What makes magic unusual is that practitioners rarely rely on intellectual property law even though magic tricks are protectable by patent and as trade secrets. Patent protection should be obvious: patents cover novel mechanisms and methods, which most magic technologies are. Some classic tricks, such as the saw-a-person-in-half trick, have been patented. Trade secret protection should be obvious too: how to do a particular trick is valuable business information whose secrecy can be protected by the inventor. (The audience sees the trick done, but they don’t really see the secret of the trick.)

Yet Loshin, and apparently most magicians, think that patent and trade secret are a poor fit. There are basically three reasons for this. First, part of the value of a trick is that the audience can’t figure out how it’s done; but a patent must explain the details of the invention. Second, tricks are subject to “reverse engineering” by rival magicians who watch the trick done, repeatedly, from different parts of the audience, then do experiments to try to replicate it; and of course trade secrets are not protected against reverse engineering. Third, there’s a sort of guild mentality among magicians, holding that knowledge can be shared within the profession but must not be shared with the public. This guild mentality can’t easily be implemented within current law – a trade secret must be carefully protected, and so cannot be passed around casually within a loosely defined “community”.

The result is that the guild protects its secrets through social norms. You’re accepted into the guild by demonstrating technical prowess and following the guild’s norms over time; and you’ll be excommunicated if you violate the norms, for example by making a tell-all TV special about how popular tricks are done. (There’s an exception for casual magic tricks of the sort kids do.) The system operates informally but effectively.

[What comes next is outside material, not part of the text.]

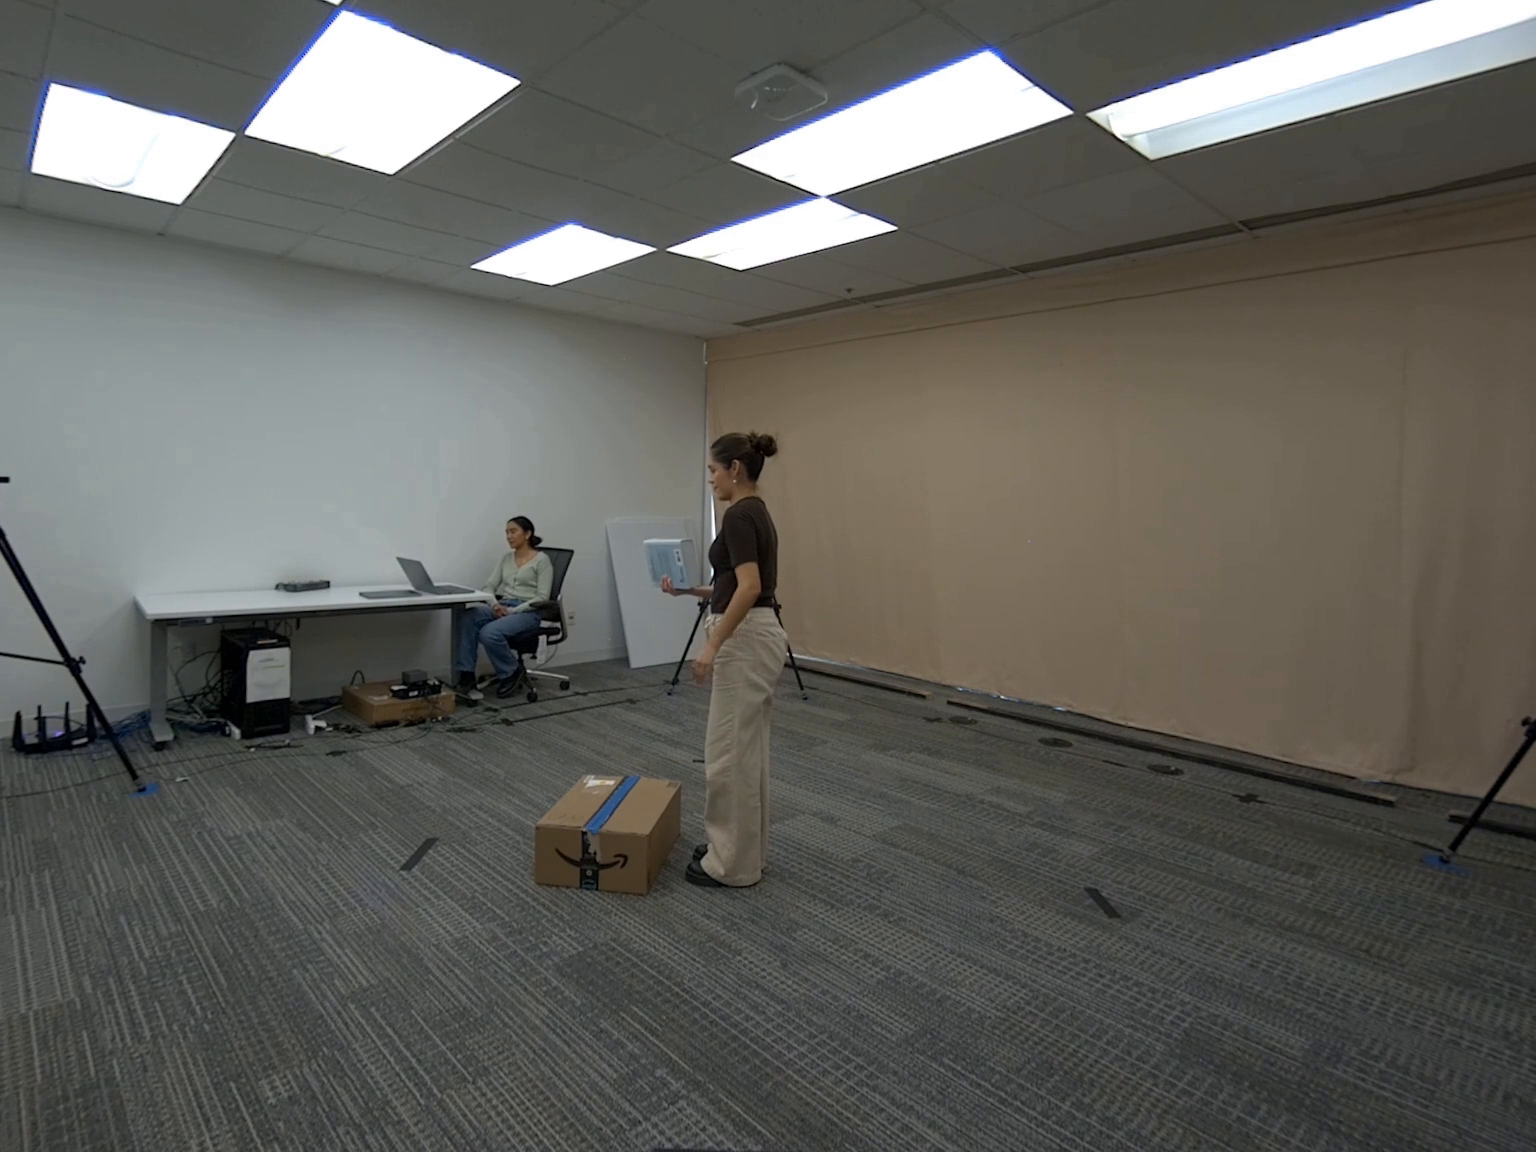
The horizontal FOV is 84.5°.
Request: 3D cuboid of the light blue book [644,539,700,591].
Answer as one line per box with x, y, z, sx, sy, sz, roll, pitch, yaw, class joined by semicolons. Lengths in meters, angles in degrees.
-0.372;-0.046;3.226;0.058;0.190;0.267;-16;11;-37;light blue book

As a policy guy, I have to ask whether this system is good for society as a whole. I can understand why those inside the profession would want to limit access to information – why help potential competitors? But does it really benefit society as a whole to have some unelected group deciding who gets access to certain kinds of information, and doing this outside the normal channels that (at least in principle) balance the interests of society against those of inventors? It’s not an easy question.

(To be clear, asking whether something is good or bad for society is not the same as asking whether government should regulate it. A case for regulation would require, at least, that the regulated behavior be bad for society and that there be a practically beneficial way for government to intervene.)

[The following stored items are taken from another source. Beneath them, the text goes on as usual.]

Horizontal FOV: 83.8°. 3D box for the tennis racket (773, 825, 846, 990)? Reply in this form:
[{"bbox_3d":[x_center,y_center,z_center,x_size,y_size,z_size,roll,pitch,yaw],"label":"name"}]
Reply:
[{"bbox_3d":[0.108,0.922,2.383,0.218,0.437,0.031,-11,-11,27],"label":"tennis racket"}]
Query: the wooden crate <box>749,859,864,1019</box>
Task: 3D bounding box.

The best argument that magicians’ guild secrecy benefits the public is that tricks are more valuable to the public if the public doesn’t know how they are done. This is almost never the case for other technologies – knowing how your iPod works doesn’t make it less valuable to you – but it just might be true for magic, given that it exists for entertainment and you might enjoy it more if you don’t know how it’s done.

But I have my doubts that publishing information about tricks actually makes them less entertaining. Goldin’s patent on the saw-a-person-in-half trick – which explains pretty clearly how to do the trick – was issued in 1923, but the trick is still a staple today. In theory, anybody can read Goldin’s patent whenever they want; but in practice hardly anybody has read it, and we all enjoy the trick despite suspecting how it’s probably done. And do we really need to read Gaughan’s patent to know how a “levitating” magician stays up in the air? Gaughan’s cleverness is all about how to keep the audience from seeing the evidence of how it’s done.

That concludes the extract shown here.